= What is being asked =
Starting at the line that contains "Start by finding", restate every line word for word through the end of the entries.

= Exercise input =
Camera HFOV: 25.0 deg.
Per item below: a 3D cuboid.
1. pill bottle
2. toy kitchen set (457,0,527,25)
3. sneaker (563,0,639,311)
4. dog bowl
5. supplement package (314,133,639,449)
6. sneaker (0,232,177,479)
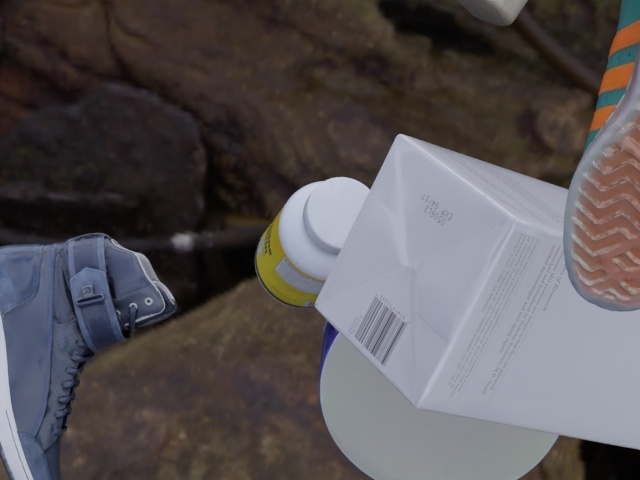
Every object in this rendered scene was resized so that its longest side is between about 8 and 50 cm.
[{"bbox_3d":[0.000,0.000,1.469,0.103,0.184,0.103,5,71,-14],"label":"pill bottle"},{"bbox_3d":[0.006,-0.190,0.519,0.207,0.122,0.166,36,4,42],"label":"toy kitchen set"},{"bbox_3d":[0.241,-0.100,0.969,0.108,0.302,0.121,17,26,9],"label":"sneaker"},{"bbox_3d":[0.130,0.137,1.527,0.264,0.265,0.104,16,24,-3],"label":"dog bowl"},{"bbox_3d":[0.180,0.051,1.247,0.293,0.175,0.177,15,17,-37],"label":"supplement package"},{"bbox_3d":[-0.194,0.105,1.199,0.163,0.086,0.226,-10,90,-5],"label":"sneaker"}]
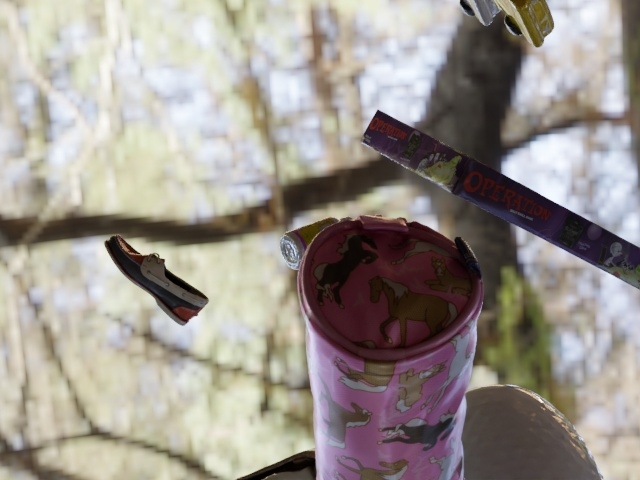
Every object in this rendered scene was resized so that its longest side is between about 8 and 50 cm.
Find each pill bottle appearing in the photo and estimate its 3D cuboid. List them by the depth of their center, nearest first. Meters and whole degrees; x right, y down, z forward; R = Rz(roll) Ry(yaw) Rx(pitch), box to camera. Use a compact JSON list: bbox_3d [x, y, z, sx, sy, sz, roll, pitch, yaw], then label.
[{"bbox_3d":[0.000,0.000,2.185,0.083,0.043,0.043,-20,-156,-30],"label":"pill bottle"}]

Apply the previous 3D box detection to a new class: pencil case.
[{"bbox_3d":[0.062,0.148,1.758,0.167,0.386,0.160,-35,-124,-25],"label":"pencil case"}]

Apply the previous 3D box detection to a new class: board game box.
[{"bbox_3d":[0.228,-0.032,2.163,0.347,0.056,0.208,25,180,-32],"label":"board game box"}]

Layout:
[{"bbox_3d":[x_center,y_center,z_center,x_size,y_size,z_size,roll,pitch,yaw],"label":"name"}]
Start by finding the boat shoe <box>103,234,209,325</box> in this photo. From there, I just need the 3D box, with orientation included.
[{"bbox_3d":[-0.187,0.038,2.272,0.043,0.137,0.049,-42,-168,18],"label":"boat shoe"}]

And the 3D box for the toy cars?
[{"bbox_3d":[0.176,-0.318,2.169,0.087,0.176,0.393,-36,-164,-1],"label":"toy cars"}]

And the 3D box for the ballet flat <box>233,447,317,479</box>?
[{"bbox_3d":[-0.114,0.333,2.392,0.316,0.107,0.106,-30,170,-2],"label":"ballet flat"}]

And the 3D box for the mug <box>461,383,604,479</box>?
[{"bbox_3d":[0.234,0.396,2.629,0.276,0.374,0.328,3,-132,-14],"label":"mug"}]

= Answer =
Start by finding the boat shoe <box>103,234,209,325</box> in this photo. From there, I just need the 3D box, with orientation included.
[{"bbox_3d":[-0.187,0.038,2.272,0.043,0.137,0.049,-42,-168,18],"label":"boat shoe"}]

And the 3D box for the toy cars?
[{"bbox_3d":[0.176,-0.318,2.169,0.087,0.176,0.393,-36,-164,-1],"label":"toy cars"}]

And the 3D box for the ballet flat <box>233,447,317,479</box>?
[{"bbox_3d":[-0.114,0.333,2.392,0.316,0.107,0.106,-30,170,-2],"label":"ballet flat"}]

And the 3D box for the mug <box>461,383,604,479</box>?
[{"bbox_3d":[0.234,0.396,2.629,0.276,0.374,0.328,3,-132,-14],"label":"mug"}]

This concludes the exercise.